I am scraping information from a log that I need 3 elements. Another added difficulty is that I am parsing the log via readLine() in my java program aka one(1) line at a time. (If there is a possibility to read multiple lines when parsing let me know :) ) NOTE: I have no control over the log output format.
There are 2 possibilities of what I must extract. Either the log is nice and gives the following
NICE FORMAT
.text.rank 0x0000000000400b8f 0x351 is_x86.o
where I must grab .text.rank , 0x0000000000400b8f , and 0x351
Now the not so nice case: If the name is too long, it bumps everything else to the next line like is below, now the only thing after the first element is one blank space followed by a newline (\n) which gets clobbered by readLine() anyway.
EVIL FORMAT : Note each line is in a separate arraylist entry.
.text.__sfmoreglue
0x0000000000401d00 0x55 /mnt/drv2homelibc_popcorn.a(lib_a-findfp.o)
Therefore what the regex actually sees is:
.text.__sfmoreglue
CORNER CASE FORMAT that also occurs within the log but I DO NOT want
*(.text.unlikely)
Finally below is my Pattern line I am currently using for the first line and pline2 is what is used on the next line when group 2 of the first line is empty.
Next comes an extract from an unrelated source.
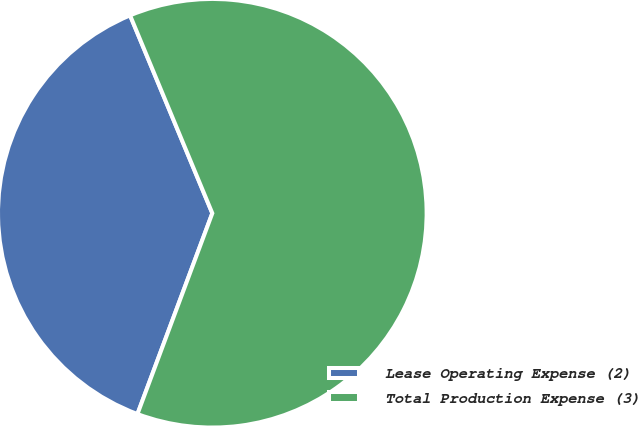<chart> <loc_0><loc_0><loc_500><loc_500><pie_chart><fcel>Lease Operating Expense (2)<fcel>Total Production Expense (3)<nl><fcel>38.05%<fcel>61.95%<nl></chart> 
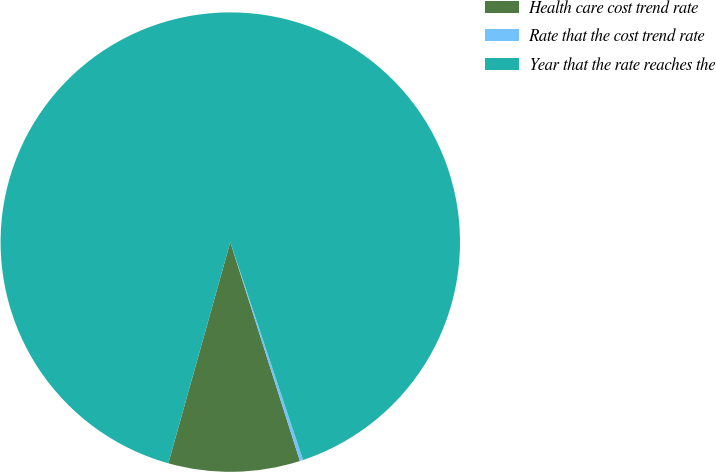Convert chart to OTSL. <chart><loc_0><loc_0><loc_500><loc_500><pie_chart><fcel>Health care cost trend rate<fcel>Rate that the cost trend rate<fcel>Year that the rate reaches the<nl><fcel>9.25%<fcel>0.23%<fcel>90.52%<nl></chart>

UPDATE: The pattern below works for the NICE FORMAT and EVIL FORMAT But now pattern pline2 has no matches, even though on regex101.com it is correct. Link: https://regex101.com/r/vS7vZ3/9
UPDATE2: I fixed it, I forgot to add m2.find() once I compiled the second line with Pattern pline2. Corrected code is below.
Pattern p = Pattern.compile("^[ \\s](\\.[tex]*\\.[\\._\\-\\#a-zA-Z0-9]*)\\s*([x0-9a-f]*)[ \\s]*([x0-9a-f]*).*");
Pattern pline2 = Pattern.compile("^\\s*([x0-9a-f]*)[ \\s]*([x0-9a-f]*)\\s*[\\w\\(\\)\\.\\-]*");
To give a little background I am first matching the name .text.whatever to m.group(1) followed by the address 0x000012345 to m.group(2) and finally the size 0xa48 to m.group(3). This is all assuming the log is in the NICE format. If it is in the EVIL format I see that group(2) is empty and therefore readin the next line of the log to a temp buffer and apply the second pattern pline2 to new line.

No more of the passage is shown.